Monday, September 17, 2007

Life And Fate and Anti-Semitism

Having written extensively for my other blog Screw Loose Change, I have done a lot of research on people (conspiracy theorists specifically) who would generally be considered as anti-Semites. We get a lot of people responding that we shouldn't be attacking people for that, or that we are just launching ad hominem attacks, and that Jews should not receive some type of special status because of their religion.

While I agree that, for the most part, it is not intrinsically morally superior to be, say, anti-Muslim than anti-Jewish, I also believe that there is something unique about anti-Semitism. We do not live in a bubble, there is a very specific historical context to anti-Semitism, that is not present in, for example, making fun of Hindus working in convenience stores.

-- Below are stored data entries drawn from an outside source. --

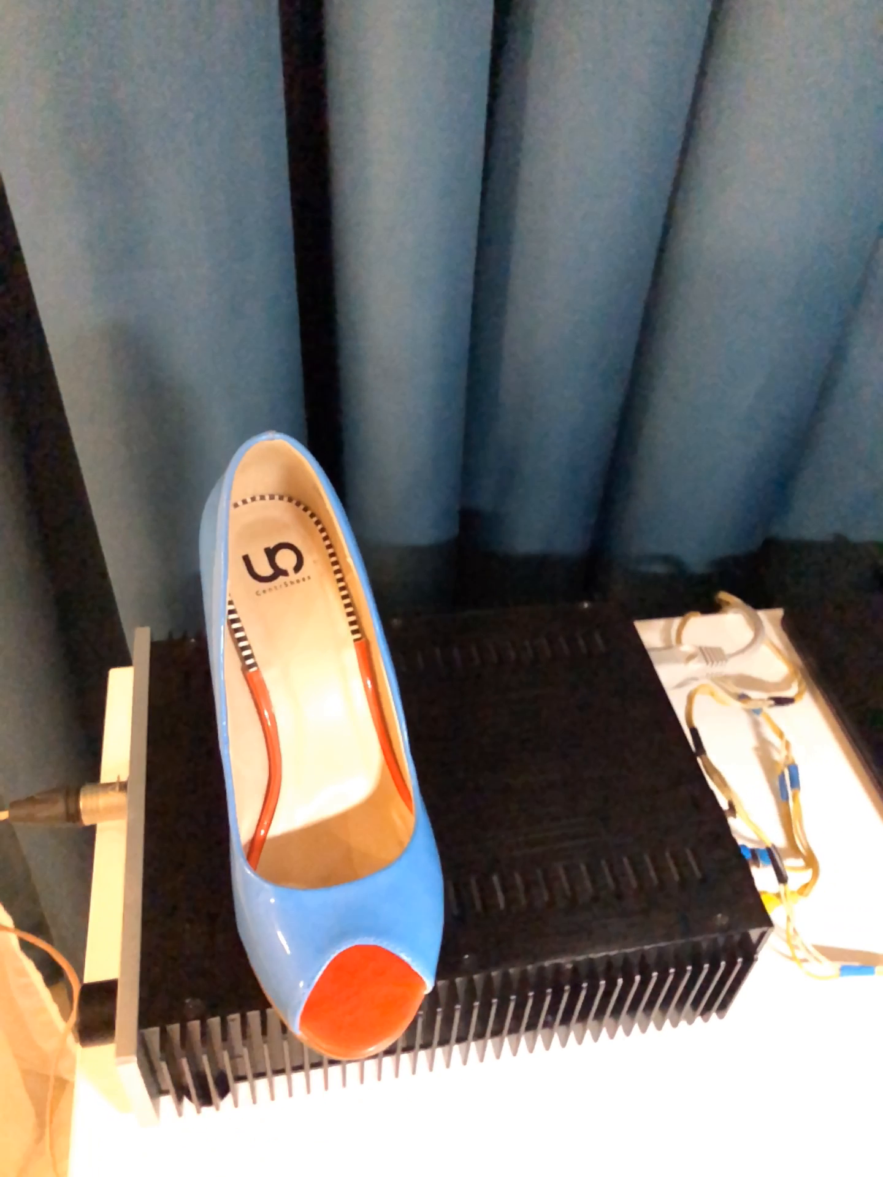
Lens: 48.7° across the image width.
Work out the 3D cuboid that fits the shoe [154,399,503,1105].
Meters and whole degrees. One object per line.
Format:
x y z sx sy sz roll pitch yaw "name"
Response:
-0.055 0.052 0.387 0.080 0.149 0.221 -9 44 -13 "shoe"
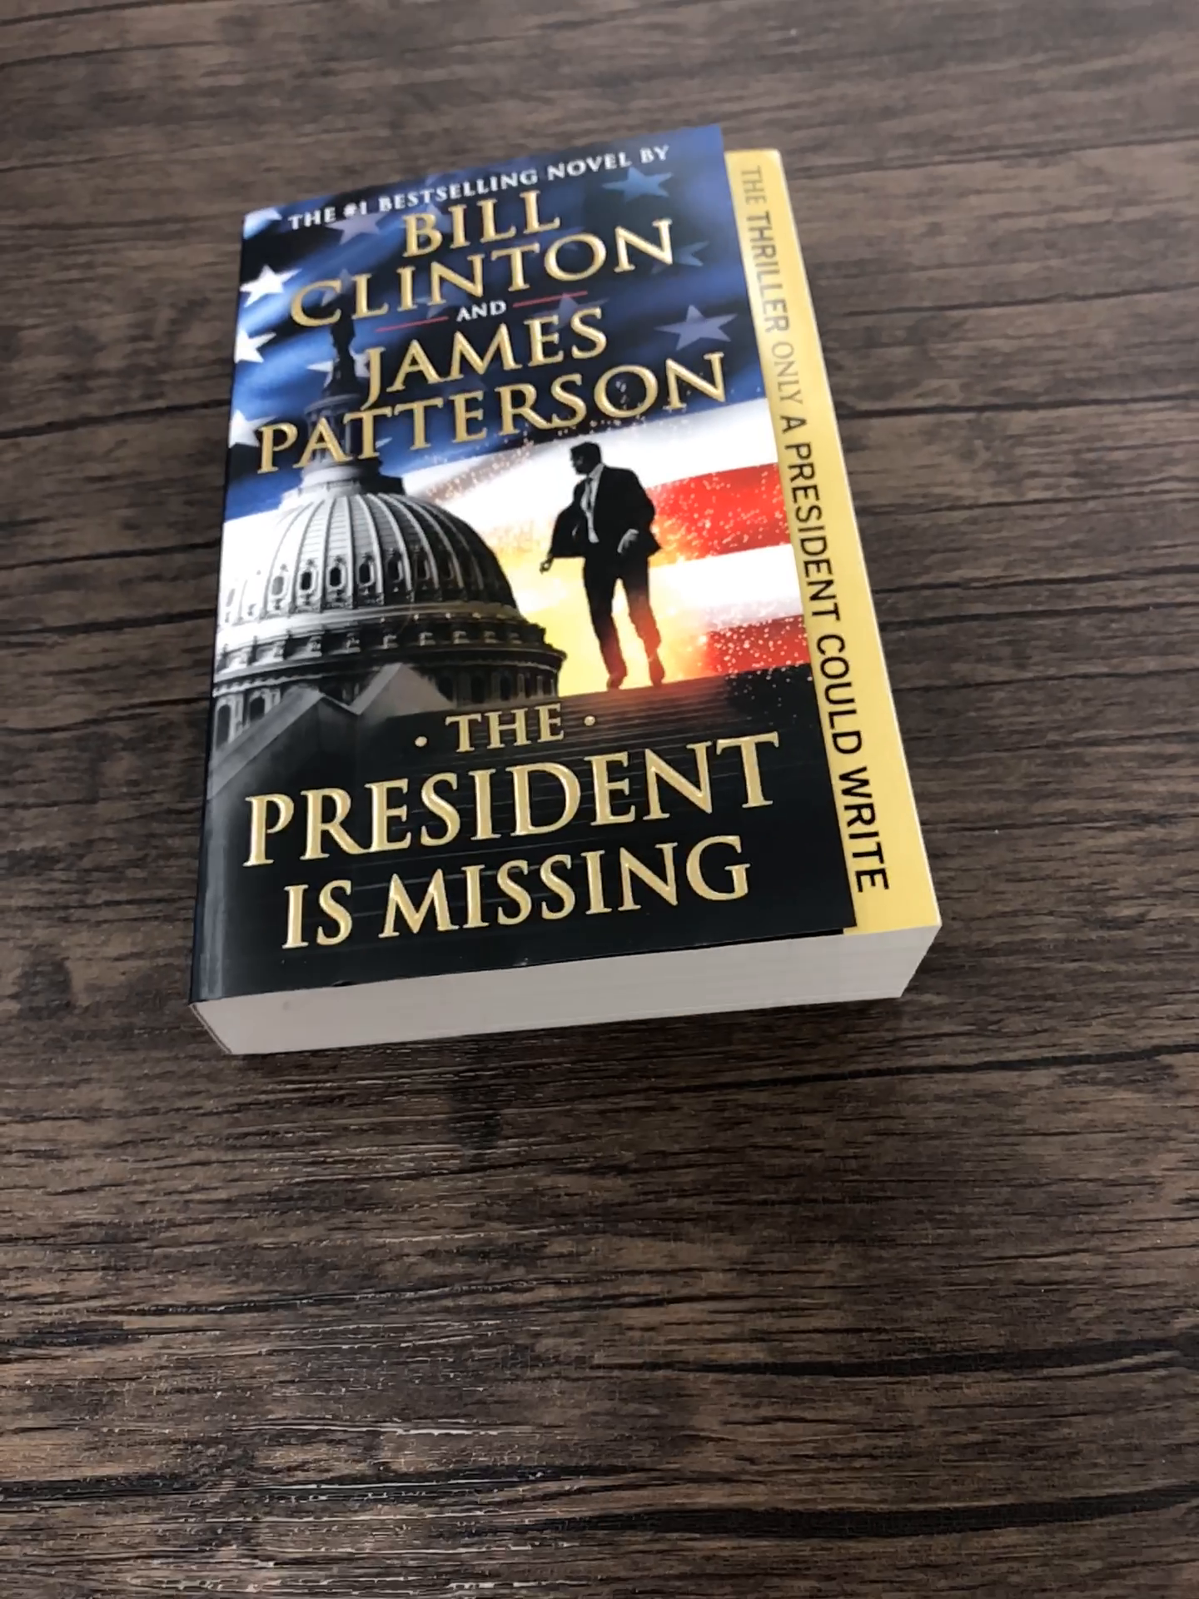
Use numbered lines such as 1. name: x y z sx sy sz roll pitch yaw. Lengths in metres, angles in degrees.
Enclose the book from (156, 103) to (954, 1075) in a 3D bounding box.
1. book: -0.015 -0.057 0.308 0.140 0.054 0.216 -6 63 1

I am in the middle of reading the novel Life and Fate (Zhizn' i sud'ba) by Vasily Grossman, and when I say in the middle, at nearly 900 pages, I really am. Life and Fate, which was written in the 1960s, but only recently published is about the war on the Eastern Front in general, and the battle for Stalingrad in particular. But it is also about the Holocaust and the fate of the Jewish people. Grossman, who was one of the first journalists to report about the Nazi concentration camps, knows about what he talks. In this section, from page 484, he describes the nature of anti-Semitism far better than I ever could.

Anti-Semitism can take many forms - from a mocking, contemptuous ill-will to murderous pogroms.

Anti-Semitism can be met with in the market and in the Presidium of the Academy of Sciences, in the soul of an old man and in the games children play in the yard.
Anti-Semitism has been as strong in the age of atomic reactors and computers as in the age of oil-lamps, sailing boats and spinning-wheels.

Anti-Semitism is always a means rather than and end; it is a measure of the contradictions yet to be resolved. It is a mirror for the failings of individuals, social structures, and State systems. Tell me what you accuse the Jews of - I'll tell you what you're guilty of.

Even Oleinichuk, the peasant fighter for freedom who was imprisoned in Schlusselburg, somehow expressed his hatred for serfdom as a hatred for Poles and Yids. Even a genius like Dostoyevsky saw a Jewish userer where he should have seen the pitiless eyes of a Russian serf-owner, industrialist or contractor. And in accusing the Jews of racism, a desire for world domination and a cosmopolitan indifference towards the German fatherland, National Socialism was merely describing its own features.

Anti-Semitism is also an expression of a lack of talent, an inability to win a contest on equal terms - in science or in commerce, in craftsmanship or painting. States look to the imaginary intrigue of world Jewry for explanations of their own failure.

At the same time anti-Semitism is an expression of the lack of consciousness of the masses, of their inability to understand the true reasons for their sufferings. Ignorant people blame the Jews for their troubles when they should blame the social structure or the State itself. Anti-Semitism is also, of course, a measure of the religious prejudices smouldering in the lower levels of society.